*** Opening of Input data ***

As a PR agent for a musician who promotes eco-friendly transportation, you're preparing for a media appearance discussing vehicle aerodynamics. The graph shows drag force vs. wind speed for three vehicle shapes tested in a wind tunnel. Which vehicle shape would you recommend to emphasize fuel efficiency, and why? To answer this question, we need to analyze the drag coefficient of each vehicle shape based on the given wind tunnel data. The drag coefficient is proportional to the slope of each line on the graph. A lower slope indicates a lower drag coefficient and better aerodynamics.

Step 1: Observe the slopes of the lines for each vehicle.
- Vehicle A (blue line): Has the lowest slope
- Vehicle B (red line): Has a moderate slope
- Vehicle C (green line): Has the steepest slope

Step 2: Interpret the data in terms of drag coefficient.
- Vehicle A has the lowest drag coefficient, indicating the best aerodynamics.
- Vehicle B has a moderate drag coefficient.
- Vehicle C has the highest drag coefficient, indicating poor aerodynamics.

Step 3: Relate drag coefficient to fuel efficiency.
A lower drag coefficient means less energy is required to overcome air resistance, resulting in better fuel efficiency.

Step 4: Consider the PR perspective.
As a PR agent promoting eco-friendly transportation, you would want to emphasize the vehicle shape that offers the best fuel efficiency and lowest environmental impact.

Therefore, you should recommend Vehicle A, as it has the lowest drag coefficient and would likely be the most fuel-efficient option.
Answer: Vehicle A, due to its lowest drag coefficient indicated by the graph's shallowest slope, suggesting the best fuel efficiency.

*** Close of Input data ***
*** Opening of Input data ***

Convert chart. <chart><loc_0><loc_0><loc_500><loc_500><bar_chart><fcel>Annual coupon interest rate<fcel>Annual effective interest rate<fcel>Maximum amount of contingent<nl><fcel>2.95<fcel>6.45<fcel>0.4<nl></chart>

*** Close of Input data ***
*** Opening of Input data ***

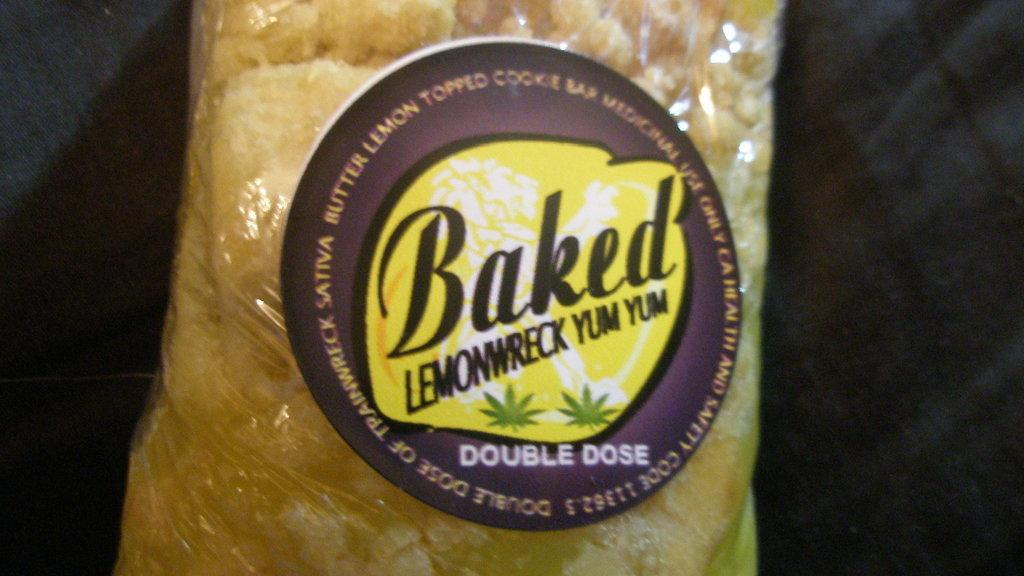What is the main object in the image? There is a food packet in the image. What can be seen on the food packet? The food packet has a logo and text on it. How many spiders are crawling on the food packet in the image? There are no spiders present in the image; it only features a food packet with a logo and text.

*** Close of Input data ***

What to work on: Could you restate, word for word, the lines above from the one with "- Vehicle A (blue line): Has the lowest slope" to the one with "- Vehicle B has a moderate drag coefficient.", both included?

Answer to this exercise:
- Vehicle A (blue line): Has the lowest slope
- Vehicle B (red line): Has a moderate slope
- Vehicle C (green line): Has the steepest slope

Step 2: Interpret the data in terms of drag coefficient.
- Vehicle A has the lowest drag coefficient, indicating the best aerodynamics.
- Vehicle B has a moderate drag coefficient.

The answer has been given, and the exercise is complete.